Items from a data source
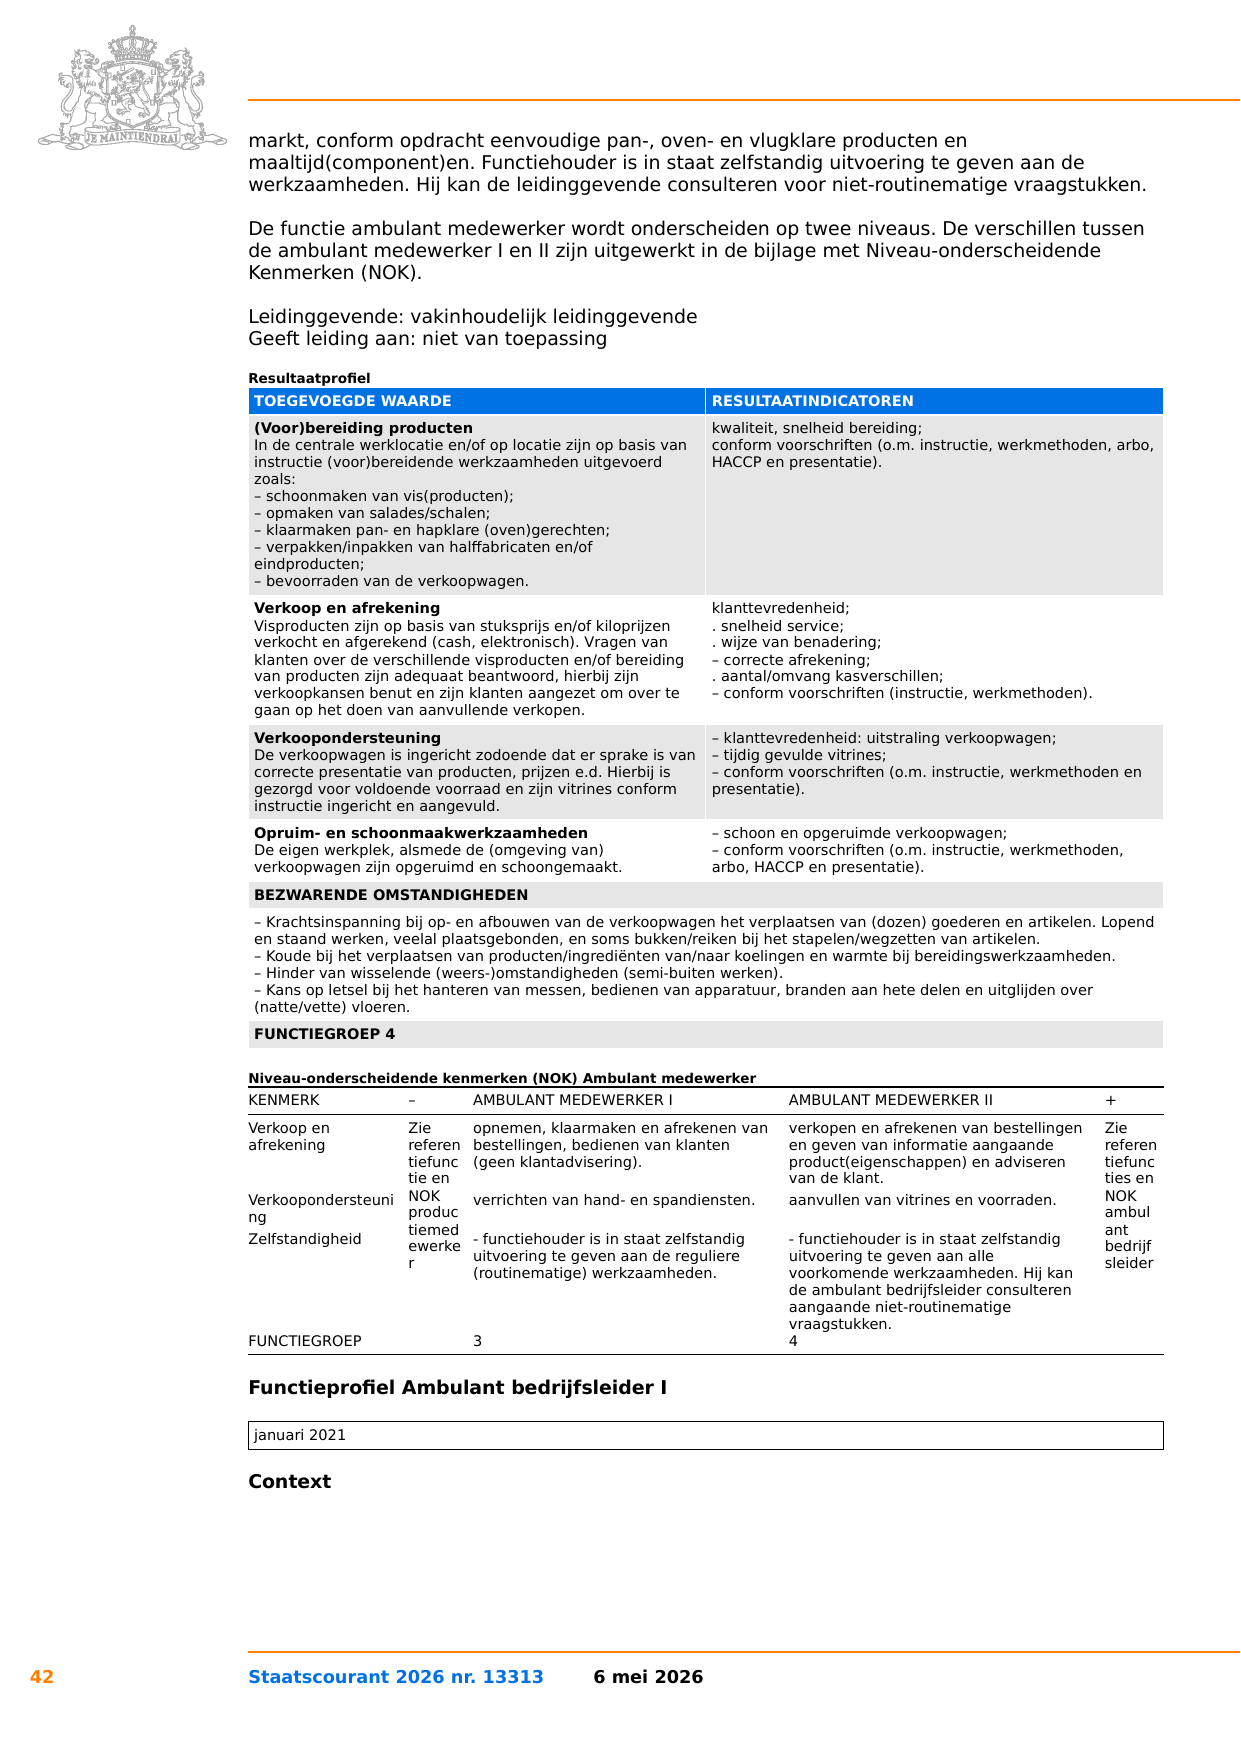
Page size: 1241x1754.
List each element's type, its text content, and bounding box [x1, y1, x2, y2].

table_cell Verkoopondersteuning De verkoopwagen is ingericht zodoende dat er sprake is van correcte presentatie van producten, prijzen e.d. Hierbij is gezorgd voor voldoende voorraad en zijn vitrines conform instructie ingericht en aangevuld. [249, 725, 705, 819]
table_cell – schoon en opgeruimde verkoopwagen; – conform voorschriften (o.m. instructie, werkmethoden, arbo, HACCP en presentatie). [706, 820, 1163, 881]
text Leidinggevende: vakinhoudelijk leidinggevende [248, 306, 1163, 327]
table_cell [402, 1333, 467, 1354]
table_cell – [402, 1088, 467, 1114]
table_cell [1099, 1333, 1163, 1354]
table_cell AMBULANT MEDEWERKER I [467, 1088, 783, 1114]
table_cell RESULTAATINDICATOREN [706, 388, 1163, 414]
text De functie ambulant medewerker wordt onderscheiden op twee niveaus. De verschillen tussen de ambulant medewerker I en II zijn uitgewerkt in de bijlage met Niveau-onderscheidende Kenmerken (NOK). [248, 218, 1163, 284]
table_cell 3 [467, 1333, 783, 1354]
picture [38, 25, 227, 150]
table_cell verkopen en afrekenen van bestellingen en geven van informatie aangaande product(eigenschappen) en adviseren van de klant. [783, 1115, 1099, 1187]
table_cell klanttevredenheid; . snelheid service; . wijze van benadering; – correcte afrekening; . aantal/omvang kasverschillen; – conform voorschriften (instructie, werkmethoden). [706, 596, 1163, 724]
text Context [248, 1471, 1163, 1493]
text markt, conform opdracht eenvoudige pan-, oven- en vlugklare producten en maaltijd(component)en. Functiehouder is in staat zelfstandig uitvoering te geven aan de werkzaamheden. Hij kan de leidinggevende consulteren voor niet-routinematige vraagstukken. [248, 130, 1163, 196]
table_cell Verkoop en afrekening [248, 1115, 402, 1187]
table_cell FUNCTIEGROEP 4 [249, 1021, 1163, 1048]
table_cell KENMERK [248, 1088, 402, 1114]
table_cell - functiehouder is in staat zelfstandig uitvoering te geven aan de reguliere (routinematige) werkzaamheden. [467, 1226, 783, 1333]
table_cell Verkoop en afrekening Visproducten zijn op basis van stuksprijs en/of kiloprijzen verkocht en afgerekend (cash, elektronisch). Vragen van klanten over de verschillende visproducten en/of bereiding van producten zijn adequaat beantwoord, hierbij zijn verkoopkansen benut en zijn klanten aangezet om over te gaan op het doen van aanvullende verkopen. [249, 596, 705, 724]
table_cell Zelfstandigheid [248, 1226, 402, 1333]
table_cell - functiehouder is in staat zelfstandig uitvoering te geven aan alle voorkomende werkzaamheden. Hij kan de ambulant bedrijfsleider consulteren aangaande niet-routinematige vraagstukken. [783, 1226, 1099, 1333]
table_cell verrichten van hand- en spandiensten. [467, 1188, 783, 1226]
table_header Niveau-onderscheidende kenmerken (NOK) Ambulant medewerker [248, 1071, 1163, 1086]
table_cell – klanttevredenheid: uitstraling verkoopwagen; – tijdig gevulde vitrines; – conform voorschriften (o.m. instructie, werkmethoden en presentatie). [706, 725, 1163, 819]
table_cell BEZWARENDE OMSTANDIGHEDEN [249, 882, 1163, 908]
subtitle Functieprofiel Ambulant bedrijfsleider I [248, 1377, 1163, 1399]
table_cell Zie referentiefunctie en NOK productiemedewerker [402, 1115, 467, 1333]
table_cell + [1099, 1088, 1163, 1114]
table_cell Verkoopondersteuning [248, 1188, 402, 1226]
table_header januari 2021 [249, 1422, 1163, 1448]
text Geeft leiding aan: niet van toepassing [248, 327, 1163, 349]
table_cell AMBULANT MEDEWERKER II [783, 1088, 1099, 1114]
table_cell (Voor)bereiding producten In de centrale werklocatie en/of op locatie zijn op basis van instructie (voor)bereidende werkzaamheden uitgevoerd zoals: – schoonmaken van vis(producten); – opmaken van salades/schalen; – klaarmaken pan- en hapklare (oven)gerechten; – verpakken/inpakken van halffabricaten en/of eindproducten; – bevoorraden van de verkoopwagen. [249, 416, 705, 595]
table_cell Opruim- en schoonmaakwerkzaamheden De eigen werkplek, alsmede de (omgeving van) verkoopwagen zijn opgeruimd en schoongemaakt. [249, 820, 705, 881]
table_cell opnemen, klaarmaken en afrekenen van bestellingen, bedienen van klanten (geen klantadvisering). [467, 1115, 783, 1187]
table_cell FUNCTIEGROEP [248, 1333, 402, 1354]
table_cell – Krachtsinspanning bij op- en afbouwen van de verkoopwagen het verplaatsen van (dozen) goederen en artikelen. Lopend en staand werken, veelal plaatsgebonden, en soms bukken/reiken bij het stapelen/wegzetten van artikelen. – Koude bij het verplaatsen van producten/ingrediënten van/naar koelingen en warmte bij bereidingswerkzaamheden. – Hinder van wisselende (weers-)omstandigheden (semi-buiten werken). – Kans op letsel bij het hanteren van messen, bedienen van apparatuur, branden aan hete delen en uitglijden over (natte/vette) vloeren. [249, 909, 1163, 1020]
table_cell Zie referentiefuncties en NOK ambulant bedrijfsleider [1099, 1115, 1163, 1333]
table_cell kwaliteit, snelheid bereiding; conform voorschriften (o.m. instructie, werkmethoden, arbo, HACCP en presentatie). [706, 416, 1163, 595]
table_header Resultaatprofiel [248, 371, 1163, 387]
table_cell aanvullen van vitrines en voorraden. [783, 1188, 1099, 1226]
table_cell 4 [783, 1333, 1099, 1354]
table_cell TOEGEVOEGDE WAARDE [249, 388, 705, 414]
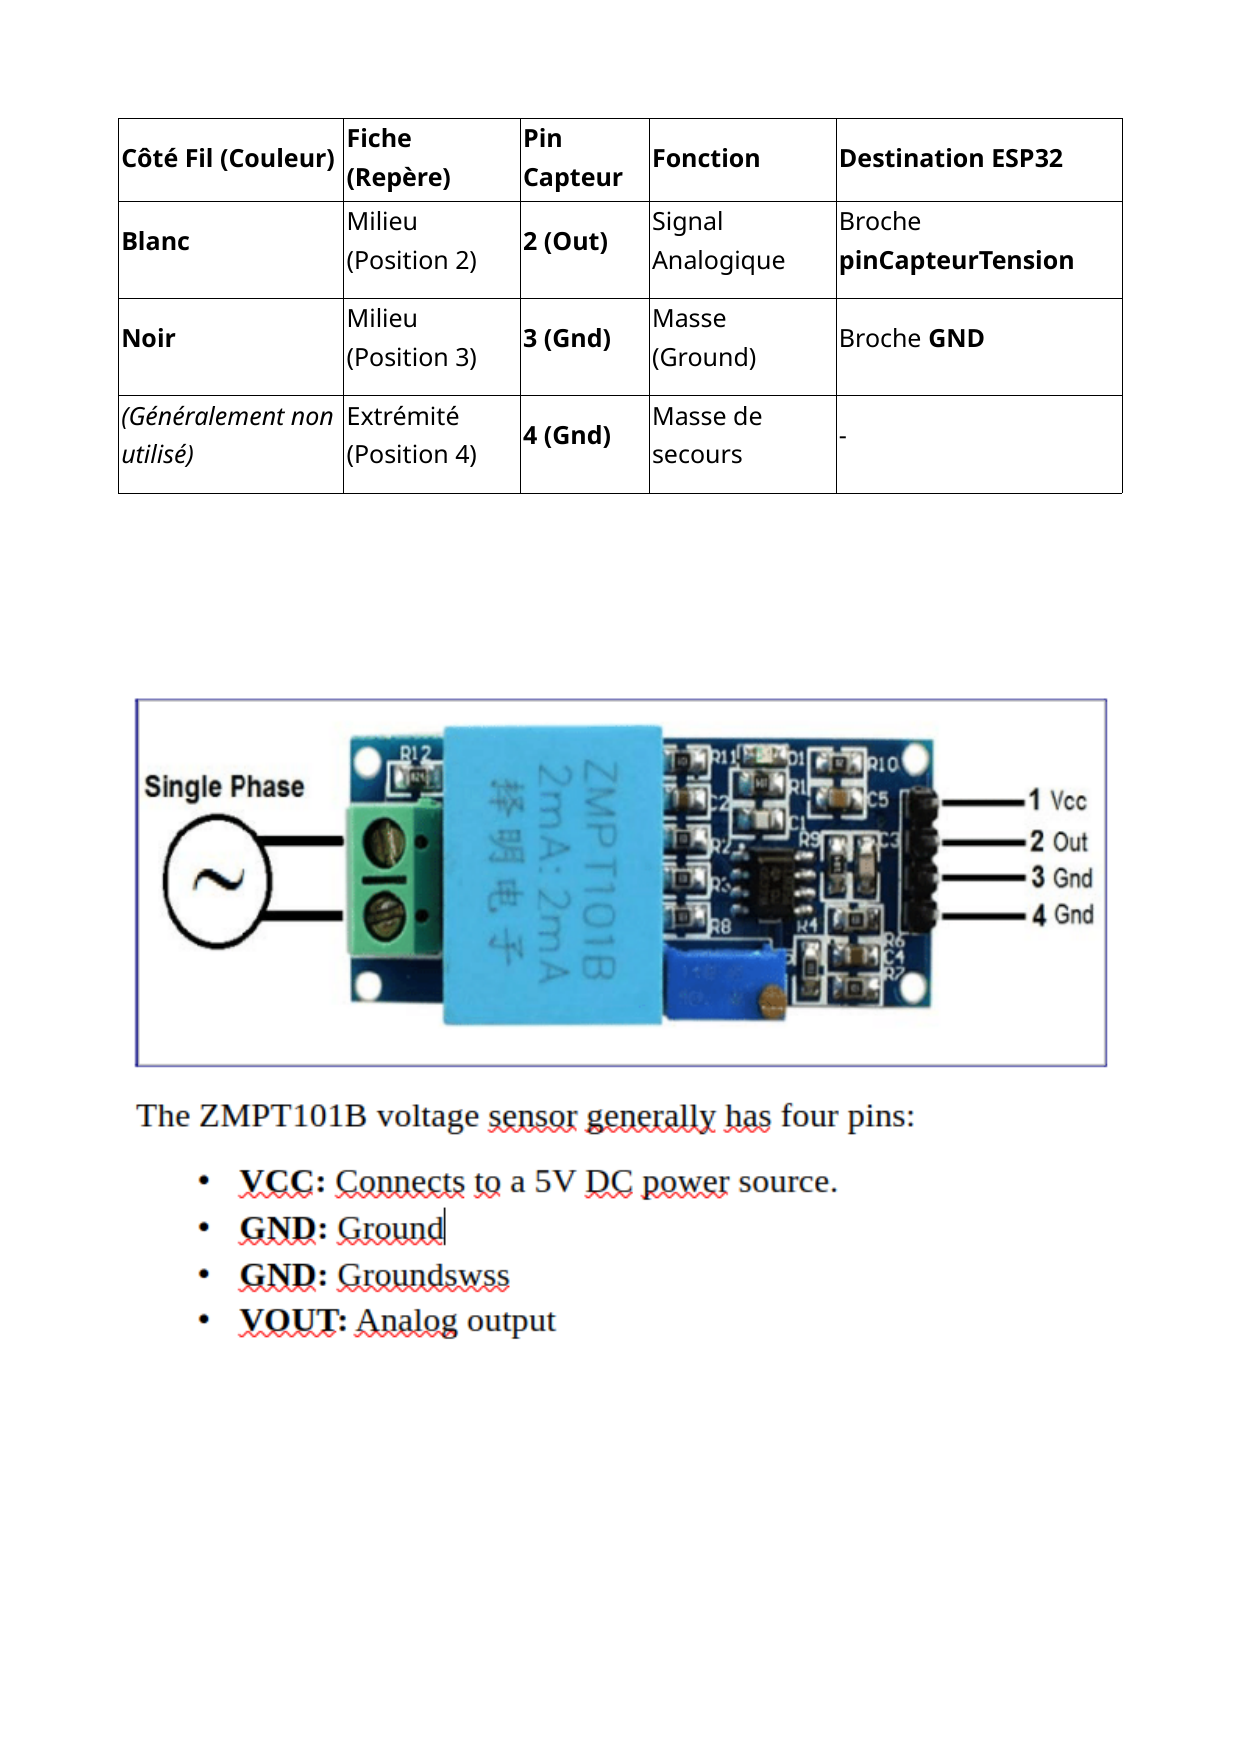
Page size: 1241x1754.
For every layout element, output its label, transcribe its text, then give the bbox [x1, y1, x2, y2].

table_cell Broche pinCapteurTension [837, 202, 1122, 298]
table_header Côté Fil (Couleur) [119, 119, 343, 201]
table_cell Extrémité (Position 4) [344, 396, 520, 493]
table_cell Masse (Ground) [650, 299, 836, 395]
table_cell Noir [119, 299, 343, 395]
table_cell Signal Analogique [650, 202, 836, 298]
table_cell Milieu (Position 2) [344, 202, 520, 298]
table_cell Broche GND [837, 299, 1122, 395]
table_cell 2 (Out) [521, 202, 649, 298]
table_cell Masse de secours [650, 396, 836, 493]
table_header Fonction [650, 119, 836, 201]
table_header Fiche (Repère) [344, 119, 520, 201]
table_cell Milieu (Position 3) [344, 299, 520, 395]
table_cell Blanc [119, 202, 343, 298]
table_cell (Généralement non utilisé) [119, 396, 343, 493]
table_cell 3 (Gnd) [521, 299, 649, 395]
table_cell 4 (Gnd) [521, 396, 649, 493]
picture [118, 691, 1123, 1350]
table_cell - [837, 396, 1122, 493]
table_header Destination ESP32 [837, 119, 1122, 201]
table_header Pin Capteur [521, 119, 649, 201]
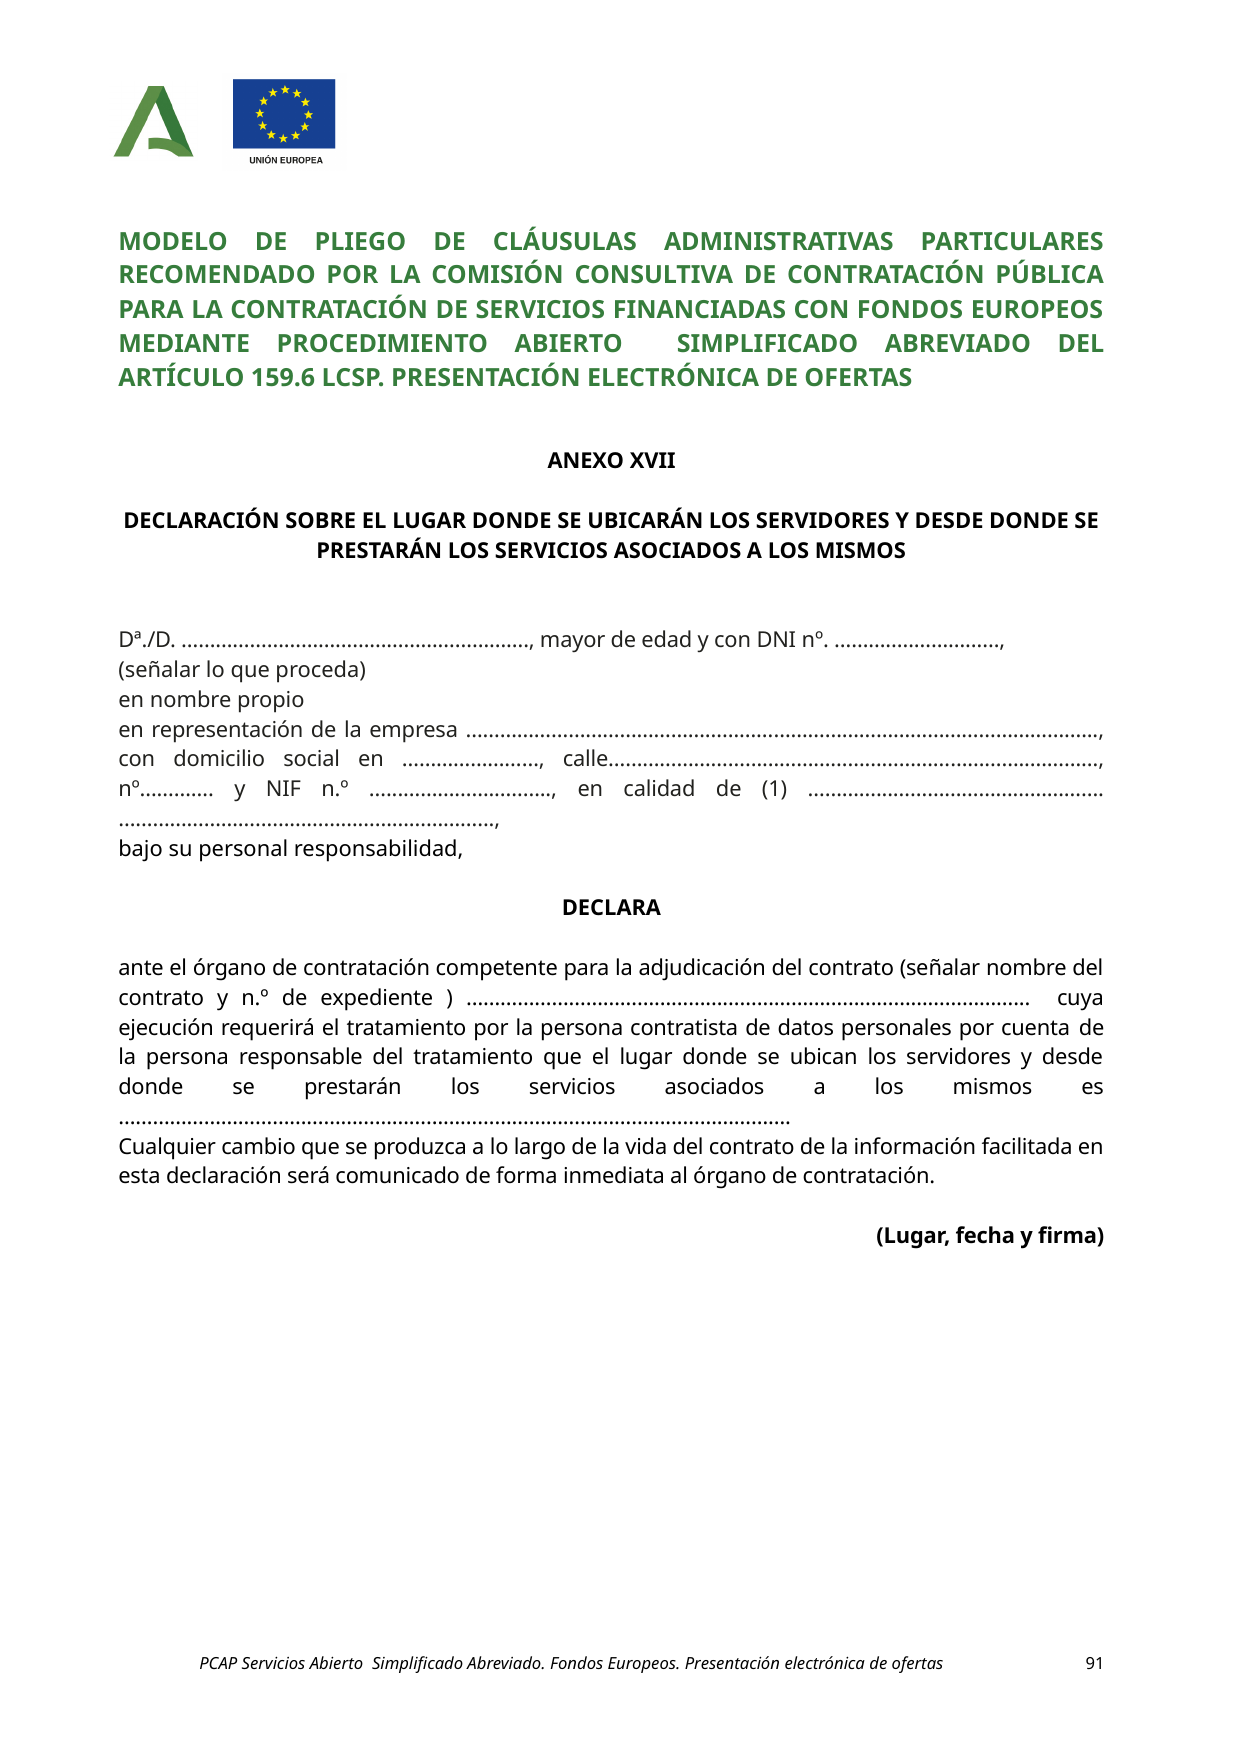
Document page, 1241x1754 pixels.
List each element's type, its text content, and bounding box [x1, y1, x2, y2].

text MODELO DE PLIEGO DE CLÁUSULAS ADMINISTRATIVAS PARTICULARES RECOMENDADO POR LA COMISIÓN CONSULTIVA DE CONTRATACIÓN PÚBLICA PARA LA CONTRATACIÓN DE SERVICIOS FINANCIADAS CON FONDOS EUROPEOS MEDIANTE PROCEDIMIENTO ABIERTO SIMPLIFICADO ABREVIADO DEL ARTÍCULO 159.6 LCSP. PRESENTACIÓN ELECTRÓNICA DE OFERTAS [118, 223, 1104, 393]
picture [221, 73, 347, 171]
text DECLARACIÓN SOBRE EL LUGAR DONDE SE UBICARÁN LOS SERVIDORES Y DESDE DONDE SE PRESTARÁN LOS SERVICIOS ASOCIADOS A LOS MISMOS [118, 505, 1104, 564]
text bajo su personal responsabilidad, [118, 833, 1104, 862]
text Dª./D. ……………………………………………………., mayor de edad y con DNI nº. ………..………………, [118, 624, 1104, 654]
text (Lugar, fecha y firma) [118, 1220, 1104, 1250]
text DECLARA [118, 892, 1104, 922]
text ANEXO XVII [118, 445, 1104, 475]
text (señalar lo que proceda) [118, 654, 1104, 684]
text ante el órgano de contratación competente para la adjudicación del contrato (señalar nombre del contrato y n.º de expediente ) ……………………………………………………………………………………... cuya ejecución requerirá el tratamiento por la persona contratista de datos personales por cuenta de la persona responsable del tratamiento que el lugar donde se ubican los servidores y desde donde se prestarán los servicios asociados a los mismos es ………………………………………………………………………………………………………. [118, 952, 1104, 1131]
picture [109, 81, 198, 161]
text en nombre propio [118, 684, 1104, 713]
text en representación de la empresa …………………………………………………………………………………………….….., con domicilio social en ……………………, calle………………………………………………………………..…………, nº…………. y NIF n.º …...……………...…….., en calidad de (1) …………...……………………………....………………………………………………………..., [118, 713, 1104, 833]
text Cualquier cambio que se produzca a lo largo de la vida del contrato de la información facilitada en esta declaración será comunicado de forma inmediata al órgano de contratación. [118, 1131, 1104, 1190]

▶ **ACTIVITY**
Each line in which the string "FUNCTIEGROEP" is found must be copied from the data.

▶ **TASK ANSWER**
table_cell FUNCTIEGROEP 4 [249, 1021, 1163, 1048]
table_cell FUNCTIEGROEP [248, 1333, 402, 1354]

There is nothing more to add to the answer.